Tamil One
- Country: Canada
- Broadcast area: National
- Headquarters: Toronto, Ontario

Programming
- Picture format: 1080i (HDTV)

Ownership
- Owner: Tamil One Inc.

History
- Launched: September 6, 2001
- Former names: TamilTV

Links
- Website: www.tamilonetv.ca

= Tamil One =

Tamil One is a Canadian exempt Category B Tamil language specialty channel.

==History==
Tamil One was originally owned by Network Television International, who were awarded a license by the Canadian Radio-television and Telecommunications Commission (CRTC) to launch a specialty channel called NTI Tamil Service, described as "a national ethnic Category 2 pay television service targeting the Tamil/Tamil-speaking community."

The channel subsequently launched on September 6, 2001, on Rogers Cable as TamilTV.

On February 9, 2001, Peethambaran Koneswaran sold Network Television International to Medianet Canada Ltd. which was operated by Phillip Koneswaran, who subsequently converted NTI into a subsidiary of Medianet Canada. On December 5, 2002, NTI was granted approval for a specialty channel license allowing them to convert TamilTV from a Pay TV service to a regular specialty service.

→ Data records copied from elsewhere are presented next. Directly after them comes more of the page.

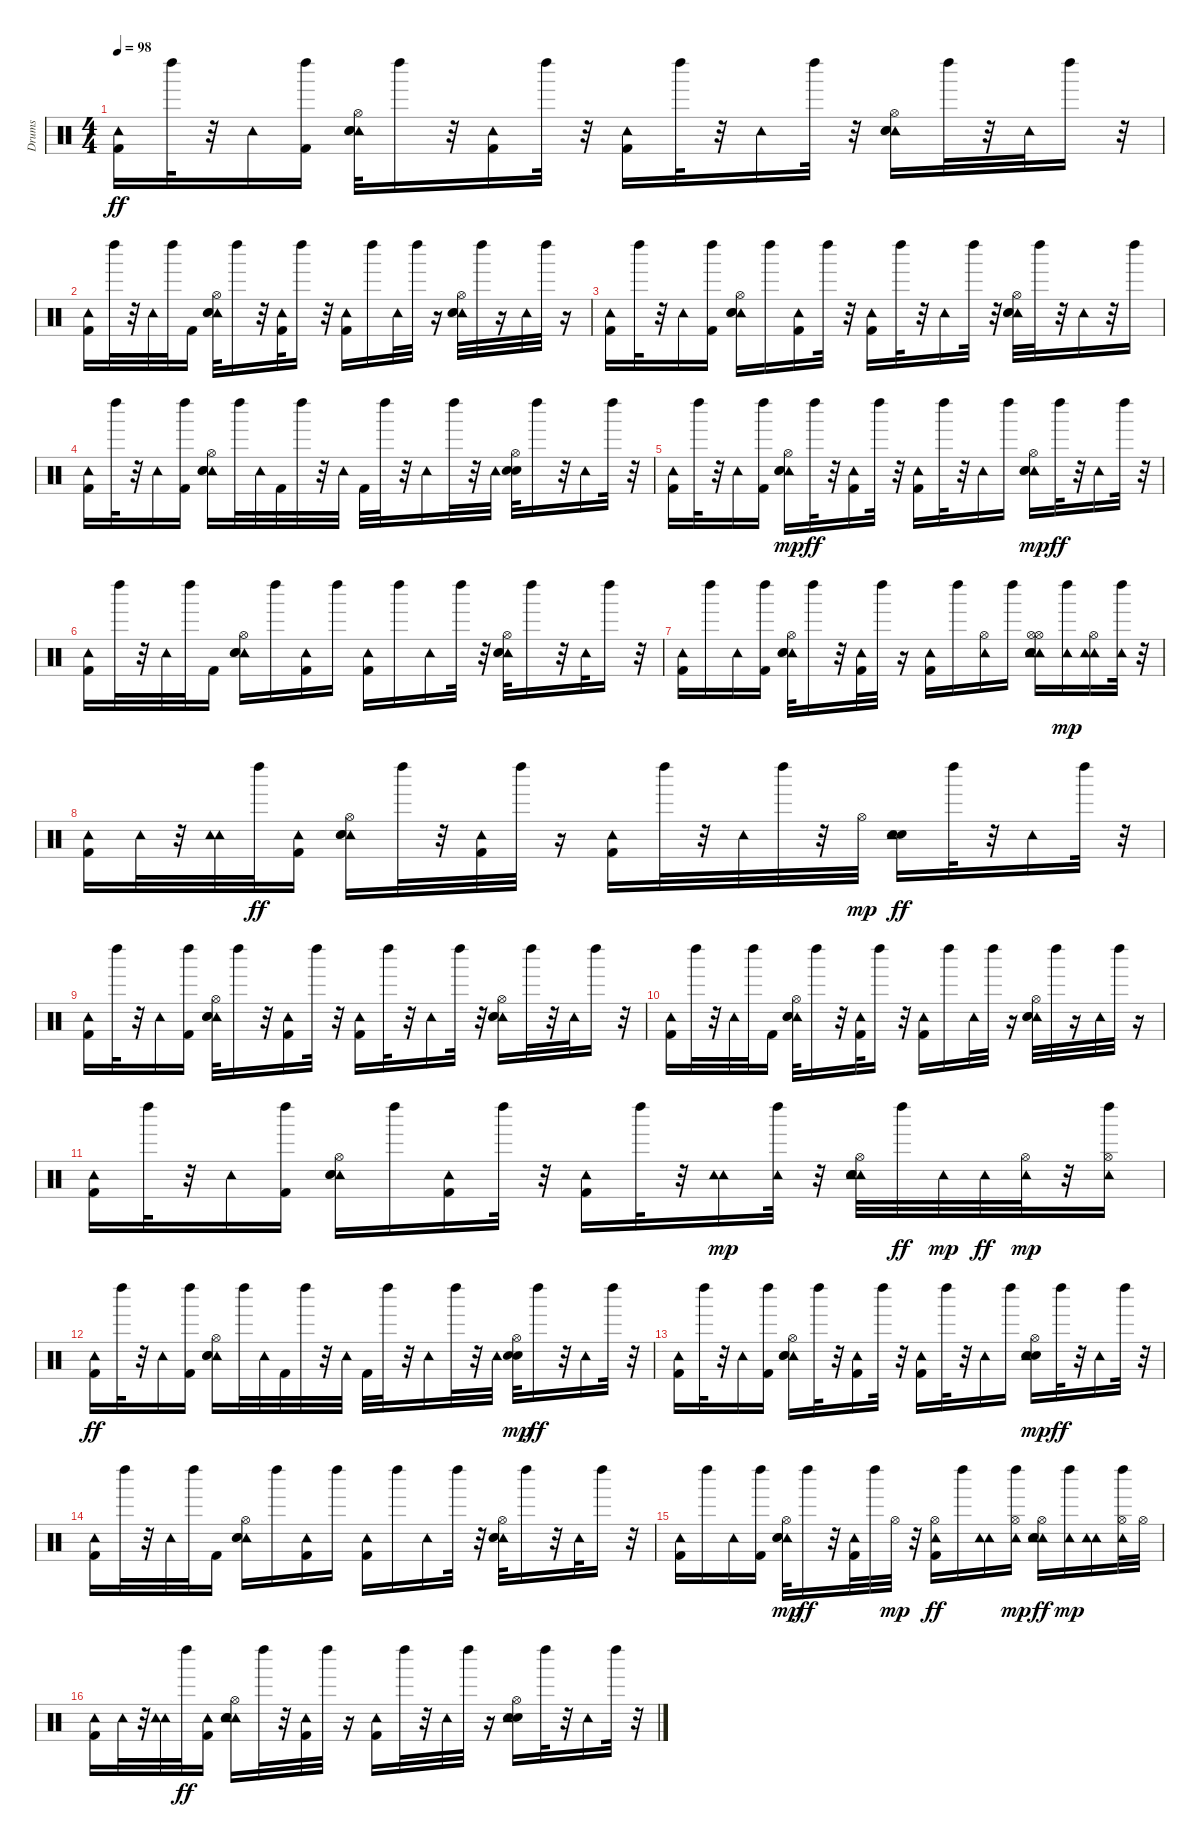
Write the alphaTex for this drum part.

\track ("Drums" "Drums") {instrument percussion}
\staff {score}
\articulation defaults
\ts (4 4)
\tempo 98
\clef neutral
\ks c
("Tambourine (hit)" "Kick (hit) 2").16{dy ff} "Left Maraca (hit)".32 r.32 "Tambourine (hit)".16 ("Left Maraca (hit)" "Kick (hit) 2").16 ("Tambourine (hit)" "Hi-Hat (open)" "Snare (hit) 2" "Electric Snare (hit)").32 "Left Maraca (hit)".16 r.32 ("Tambourine (hit)" "Kick (hit) 2").16 "Left Maraca (hit)".32 r.32 ("Tambourine (hit)" "Kick (hit) 2").16 "Left Maraca (hit)".32 r.32 "Tambourine (hit)".16 "Left Maraca (hit)".32 r.32 ("Tambourine (hit)" "Hi-Hat (open)" "Electric Snare (hit)" "Snare (hit) 2").16 "Left Maraca (hit)".32 r.32 "Tambourine (hit)".32 "Left Maraca (hit)".16 r.32 |
("Tambourine (hit)" "Kick (hit) 2").16 "Left Maraca (hit)".32 r.32 "Tambourine (hit)".32 "Left Maraca (hit)".32 "Kick (hit) 2".16 ("Tambourine (hit)" "Hi-Hat (open)" "Snare (hit) 2" "Electric Snare (hit)").32 "Left Maraca (hit)".16 r.32 ("Tambourine (hit)" "Kick (hit) 2").32 "Left Maraca (hit)".16 r.32 ("Tambourine (hit)" "Kick (hit) 2").16 "Left Maraca (hit)".16 "Tambourine (hit)".32 "Left Maraca (hit)".32 r.16 ("Tambourine (hit)" "Hi-Hat (open)" "Snare (hit) 2" "Electric Snare (hit)").32 "Left Maraca (hit)".32 r.16 "Tambourine (hit)".32 "Left Maraca (hit)".32 r.16 |
("Tambourine (hit)" "Kick (hit) 2").16 "Left Maraca (hit)".32 r.32 "Tambourine (hit)".16 ("Left Maraca (hit)" "Kick (hit) 2").16 ("Hi-Hat (open)" "Tambourine (hit)" "Electric Snare (hit)" "Snare (hit) 2").16 "Left Maraca (hit)".16 ("Tambourine (hit)" "Kick (hit) 2").16 "Left Maraca (hit)".32 r.32 ("Kick (hit) 2" "Tambourine (hit)").16 "Left Maraca (hit)".32 r.32 "Tambourine (hit)".16 "Left Maraca (hit)".32 r.32 ("Tambourine (hit)" "Hi-Hat (open)" "Snare (hit) 2" "Electric Snare (hit)").32 "Left Maraca (hit)".32 r.32 "Tambourine (hit)".16 r.32 "Left Maraca (hit)".16 |
("Tambourine (hit)" "Kick (hit) 2").16 "Left Maraca (hit)".32 r.32 "Tambourine (hit)".16 ("Left Maraca (hit)" "Kick (hit) 2").16 ("Tambourine (hit)" "Hi-Hat (open)" "Snare (hit) 2" "Electric Snare (hit)").16 "Left Maraca (hit)".32 "Tambourine (hit)".32 "Kick (hit) 2".32 "Left Maraca (hit)".32 r.32 "Tambourine (hit)".32 "Kick (hit) 2".32 "Left Maraca (hit)".32 r.32 "Tambourine (hit)".16 "Left Maraca (hit)".32 r.32 "Tambourine (hit)".32 ("Hi-Hat (open)" "Snare (hit) 2" "Electric Snare (hit)").32 "Left Maraca (hit)".16 r.32 "Tambourine (hit)".16 "Left Maraca (hit)".32 r.32 |
("Tambourine (hit)" "Kick (hit) 2").16 "Left Maraca (hit)".32 r.32 "Tambourine (hit)".16 ("Left Maraca (hit)" "Kick (hit) 2").16 ("Tambourine (hit)" "Electric Snare (hit)" "Snare (hit) 2" "Hi-Hat (open)").16{dy mp} "Left Maraca (hit)".32{dy ff} r.32 ("Tambourine (hit)" "Kick (hit) 2").16 "Left Maraca (hit)".32 r.32 ("Kick (hit) 2" "Tambourine (hit)").16 "Left Maraca (hit)".32 r.32 "Tambourine (hit)".16 "Left Maraca (hit)".16 ("Tambourine (hit)" "Electric Snare (hit)" "Snare (hit) 2" "Hi-Hat (open)").16{dy mp} "Left Maraca (hit)".32{dy ff} r.32 "Tambourine (hit)".16 "Left Maraca (hit)".32 r.32 |
("Tambourine (hit)" "Kick (hit) 2").16 "Left Maraca (hit)".32 r.32 "Tambourine (hit)".32 "Left Maraca (hit)".32 "Kick (hit) 2".16 ("Tambourine (hit)" "Hi-Hat (open)" "Electric Snare (hit)" "Snare (hit) 2").16 "Left Maraca (hit)".16 ("Tambourine (hit)" "Kick (hit) 2").16 "Left Maraca (hit)".16 ("Tambourine (hit)" "Kick (hit) 2").16 "Left Maraca (hit)".16 "Tambourine (hit)".16 "Left Maraca (hit)".32 r.32 ("Tambourine (hit)" "Hi-Hat (open)" "Snare (hit) 2" "Electric Snare (hit)").32 "Left Maraca (hit)".16 r.32 "Tambourine (hit)".32 "Left Maraca (hit)".16 r.32 |
("Tambourine (hit)" "Kick (hit) 2").16 "Left Maraca (hit)".16 "Tambourine (hit)".16 ("Left Maraca (hit)" "Kick (hit) 2").16 ("Hi-Hat (open)" "Tambourine (hit)" "Electric Snare (hit)" "Snare (hit) 2").32 "Left Maraca (hit)".16 r.32 ("Tambourine (hit)" "Kick (hit) 2").32 "Left Maraca (hit)".32 r.16 ("Tambourine (hit)" "Kick (hit) 2").16 "Left Maraca (hit)".16 ("Hi-Hat (open)" "Tambourine (hit)").16 "Left Maraca (hit)".16 ("Tambourine (hit)" "Hi-Hat (open)" "Hi-Hat (open)" "Tambourine (hit)" "Electric Snare (hit)" "Snare (hit) 2").16 ("Left Maraca (hit)" "Tambourine (hit)").16{dy mp} ("Hi-Hat (open)" "Tambourine (hit)" "Tambourine (hit)").16 ("Left Maraca (hit)" "Tambourine (hit)").32 r.32 |
("Kick (hit) 2" "Tambourine (hit)").16 "Tambourine (hit)".32 r.32 ("Tambourine (hit)" "Tambourine (hit)").32 "Left Maraca (hit)".32{dy ff} ("Tambourine (hit)" "Kick (hit) 2").16 ("Tambourine (hit)" "Hi-Hat (open)" "Electric Snare (hit)" "Snare (hit) 2").16 "Left Maraca (hit)".32 r.32 ("Tambourine (hit)" "Kick (hit) 2").32 "Left Maraca (hit)".32 r.16 ("Kick (hit) 2" "Tambourine (hit)").16 "Left Maraca (hit)".32 r.32 "Tambourine (hit)".32 "Left Maraca (hit)".32 r.32 "Hi-Hat (open)".32{dy mp} ("Electric Snare (hit)" "Snare (hit) 2" "Tambourine (hit)").16{dy ff} "Left Maraca (hit)".32 r.32 "Tambourine (hit)".16 "Left Maraca (hit)".32 r.32 |
("Tambourine (hit)" "Kick (hit) 2").16 "Left Maraca (hit)".32 r.32 "Tambourine (hit)".16 ("Left Maraca (hit)" "Kick (hit) 2").16 ("Tambourine (hit)" "Hi-Hat (open)" "Snare (hit) 2" "Electric Snare (hit)").32 "Left Maraca (hit)".16 r.32 ("Tambourine (hit)" "Kick (hit) 2").16 "Left Maraca (hit)".32 r.32 ("Tambourine (hit)" "Kick (hit) 2").16 "Left Maraca (hit)".32 r.32 "Tambourine (hit)".16 "Left Maraca (hit)".32 r.32 ("Hi-Hat (open)" "Tambourine (hit)" "Snare (hit) 2" "Electric Snare (hit)").16 "Left Maraca (hit)".32 r.32 "Tambourine (hit)".32 "Left Maraca (hit)".16 r.32 |
("Tambourine (hit)" "Kick (hit) 2").16 "Left Maraca (hit)".32 r.32 "Tambourine (hit)".32 "Left Maraca (hit)".32 "Kick (hit) 2".16 ("Tambourine (hit)" "Hi-Hat (open)" "Electric Snare (hit)" "Snare (hit) 2").32 "Left Maraca (hit)".16 r.32 ("Tambourine (hit)" "Kick (hit) 2").32 "Left Maraca (hit)".16 r.32 ("Tambourine (hit)" "Kick (hit) 2").16 "Left Maraca (hit)".16 "Tambourine (hit)".32 "Left Maraca (hit)".32 r.16 ("Tambourine (hit)" "Hi-Hat (open)" "Snare (hit) 2" "Electric Snare (hit)").32 "Left Maraca (hit)".32 r.16 "Tambourine (hit)".32 "Left Maraca (hit)".32 r.16 |
("Tambourine (hit)" "Kick (hit) 2").16 "Left Maraca (hit)".32 r.32 "Tambourine (hit)".16 ("Left Maraca (hit)" "Kick (hit) 2").16 ("Tambourine (hit)" "Hi-Hat (open)" "Electric Snare (hit)" "Snare (hit) 2").16 "Left Maraca (hit)".16 ("Kick (hit) 2" "Tambourine (hit)").16 "Left Maraca (hit)".32 r.32 ("Kick (hit) 2" "Tambourine (hit)").16 "Left Maraca (hit)".32 r.32 ("Tambourine (hit)" "Tambourine (hit)").16{dy mp} ("Left Maraca (hit)" "Tambourine (hit)").32 r.32 ("Tambourine (hit)" "Snare (hit) 2" "Electric Snare (hit)" "Hi-Hat (open)" "Tambourine (hit)").32 "Left Maraca (hit)".32{dy ff} "Tambourine (hit)".32{dy mp} "Tambourine (hit)".32{dy ff} ("Tambourine (hit)" "Hi-Hat (open)").32{dy mp} r.32 ("Left Maraca (hit)" "Hi-Hat (open)" "Tambourine (hit)").16 |
("Tambourine (hit)" "Kick (hit) 2").16{dy ff} "Left Maraca (hit)".32 r.32 "Tambourine (hit)".16 ("Left Maraca (hit)" "Kick (hit) 2").16 ("Hi-Hat (open)" "Tambourine (hit)" "Electric Snare (hit)" "Snare (hit) 2").16 "Left Maraca (hit)".32 "Tambourine (hit)".32 "Kick (hit) 2".32 "Left Maraca (hit)".32 r.32 "Tambourine (hit)".32 "Kick (hit) 2".32 "Left Maraca (hit)".32 r.32 "Tambourine (hit)".16 "Left Maraca (hit)".32 r.32 "Tambourine (hit)".32 ("Snare (hit) 2" "Electric Snare (hit)" "Hi-Hat (open)").32{dy mp} "Left Maraca (hit)".16{dy ff} r.32 "Tambourine (hit)".16 "Left Maraca (hit)".32 r.32 |
("Tambourine (hit)" "Kick (hit) 2").16 "Left Maraca (hit)".32 r.32 "Tambourine (hit)".16 ("Left Maraca (hit)" "Kick (hit) 2").16 ("Tambourine (hit)" "Hi-Hat (open)" "Snare (hit) 2" "Electric Snare (hit)").16 "Left Maraca (hit)".32 r.32 ("Tambourine (hit)" "Kick (hit) 2").16 "Left Maraca (hit)".32 r.32 ("Kick (hit) 2" "Tambourine (hit)").16 "Left Maraca (hit)".32 r.32 "Tambourine (hit)".16 "Left Maraca (hit)".16 ("Electric Snare (hit)" "Snare (hit) 2" "Tambourine (hit)" "Hi-Hat (open)").16{dy mp} "Left Maraca (hit)".32{dy ff} r.32 "Tambourine (hit)".16 "Left Maraca (hit)".32 r.32 |
("Tambourine (hit)" "Kick (hit) 2").16 "Left Maraca (hit)".32 r.32 "Tambourine (hit)".32 "Left Maraca (hit)".32 "Kick (hit) 2".16 ("Tambourine (hit)" "Hi-Hat (open)" "Snare (hit) 2" "Electric Snare (hit)").16 "Left Maraca (hit)".16 ("Tambourine (hit)" "Kick (hit) 2").16 "Left Maraca (hit)".16 ("Tambourine (hit)" "Kick (hit) 2").16 "Left Maraca (hit)".16 "Tambourine (hit)".16 "Left Maraca (hit)".32 r.32 ("Tambourine (hit)" "Hi-Hat (open)" "Snare (hit) 2" "Electric Snare (hit)").32 "Left Maraca (hit)".16 r.32 "Tambourine (hit)".32 "Left Maraca (hit)".16 r.32 |
("Tambourine (hit)" "Kick (hit) 2").16 "Left Maraca (hit)".16 "Tambourine (hit)".16 ("Left Maraca (hit)" "Kick (hit) 2").16 ("Tambourine (hit)" "Snare (hit) 2" "Electric Snare (hit)" "Hi-Hat (open)").32{dy mp} "Left Maraca (hit)".16{dy ff} r.32 ("Tambourine (hit)" "Kick (hit) 2").32 "Left Maraca (hit)".32 "Hi-Hat (open)".32{dy mp} r.32 ("Tambourine (hit)" "Hi-Hat (open)" "Kick (hit) 2").16{dy ff} "Left Maraca (hit)".16 ("Tambourine (hit)" "Tambourine (hit)").16 ("Left Maraca (hit)" "Tambourine (hit)" "Hi-Hat (open)").16{dy mp} ("Hi-Hat (open)" "Tambourine (hit)" "Tambourine (hit)" "Electric Snare (hit)" "Snare (hit) 2").16{dy ff} ("Left Maraca (hit)" "Tambourine (hit)").16{dy mp} ("Tambourine (hit)" "Tambourine (hit)").16 ("Hi-Hat (open)" "Left Maraca (hit)" "Tambourine (hit)").32 "Hi-Hat (open)".32 |
("Kick (hit) 2" "Tambourine (hit)").16 "Tambourine (hit)".32 r.32 ("Tambourine (hit)" "Tambourine (hit)").32 "Left Maraca (hit)".32{dy ff} ("Tambourine (hit)" "Kick (hit) 2").16 ("Tambourine (hit)" "Tambourine (hit)" "Hi-Hat (open)" "Electric Snare (hit)" "Snare (hit) 2").16 "Left Maraca (hit)".32 r.32 ("Tambourine (hit)" "Kick (hit) 2").32 "Left Maraca (hit)".32 r.16 ("Tambourine (hit)" "Kick (hit) 2").16 "Left Maraca (hit)".32 r.32 "Tambourine (hit)".32 "Left Maraca (hit)".32 r.16 ("Snare (hit) 2" "Electric Snare (hit)" "Hi-Hat (open)" "Tambourine (hit)").16 "Left Maraca (hit)".32 r.32 "Tambourine (hit)".16 "Left Maraca (hit)".32 r.32

In September 2006, the channel was re-branded Tamil One.

On February 1, 2008, Medianet Canada sold the channel to Tamil One Inc. (controlled by Subanasiri Vaithilingam).

On August 30, 2013, the CRTC approved Tamil One Inc.'s request to convert Tamil One from a licensed Category B specialty service to an exempted Cat. B third language service.

In June 2016, Tamil One switched to High Definition service on both Rogers and Bell channels respectively.